鮎川参考人 世界自然保護基金、WWFジャパンの鮎川です。
 WWFは一九六一年に設立された世界最大の自然保護団体です。世界の約四百五十万人と一万社・団体のサポーターに支えられ、地球規模のネットワークを基盤として、およそ百カ国の国々で活動しております。WWFは、森林、海水、淡水、有害化学物質、生物の種の保全、そして地球温暖化を六つの重点項目として活動を展開しております。
 私は地球温暖化の担当ですけれども、二十カ国以上の代表から成る国際チームが結成されておりまして、京都議定書を発効させること、そして、まず取り組まなくてはならない先進国の排出削減を実現するために、特に産業界と手を組むなど、さまざまなプログラムを展開しております。本日はその観点からお話をさせていただきたいと思います。
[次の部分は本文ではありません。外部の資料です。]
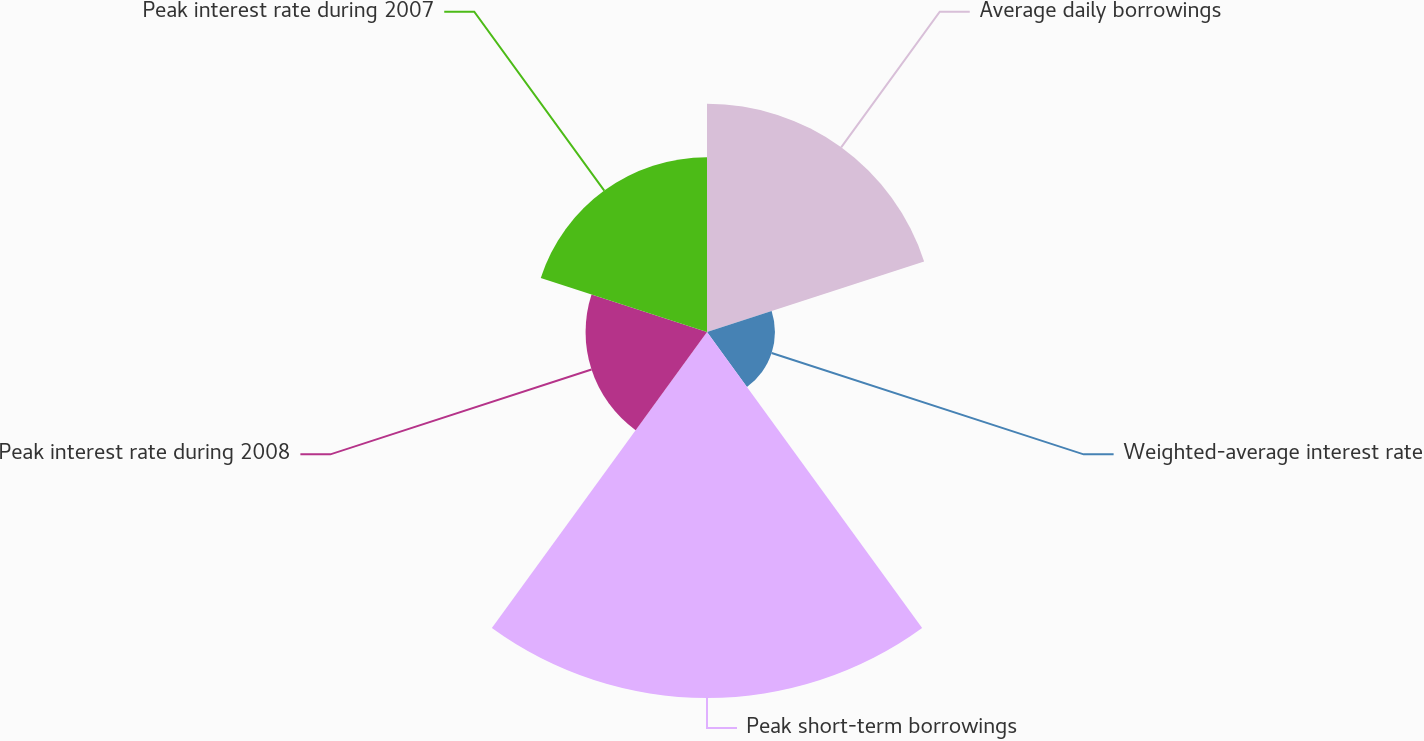Convert chart to OTSL. <chart><loc_0><loc_0><loc_500><loc_500><pie_chart><fcel>Average daily borrowings<fcel>Weighted-average interest rate<fcel>Peak short-term borrowings<fcel>Peak interest rate during 2008<fcel>Peak interest rate during 2007<nl><fcel>23.82%<fcel>7.09%<fcel>38.19%<fcel>12.67%<fcel>18.24%<nl></chart>

 温暖化の深刻さが起きておると思いますけれども、この三月、南極大陸の最大級の棚氷が崩壊しました。そして、これは厚さ二百メートルもあるラーセンBという棚氷で、広さは三千二百五十平方キロメートル、東京都よりも広い、そういった氷が解け出したわけです。これは三十年で起きた最大の崩壊と言われており、過去五十年間に南極周辺の平均気温は二・五度も上昇しているということで、地球温暖化がもう既に起きているということが言えると思います。
 さらに、ヒマラヤの氷河湖は、多くは解けた氷河や雪解けの水を蓄え、洪水を起こしかねない状況にあるという報告も、この四月、国連環境計画、UNEPの方から出されました。
 つまり、世界では恐ろしい地球温暖化の影響がもう既に起きているということが言えると思います。この地球の温暖化をとめようと、世界の国々が十年以上も話し合った末、ようやく取り組みの合意にたどり着いたのが京都議定書です。これは温暖化を防ぐ唯一の国際協定であり、最も重要で現実的なツールであります。COP7で具体的なルールやガイドラインが決められ、ようやく批准をできる段階に来ています。アメリカがこれから離脱して世界に不協和音を醸し出そうとしておりますけれども、今のところ京都議定書にかわり得る国際的な取り組みはありません。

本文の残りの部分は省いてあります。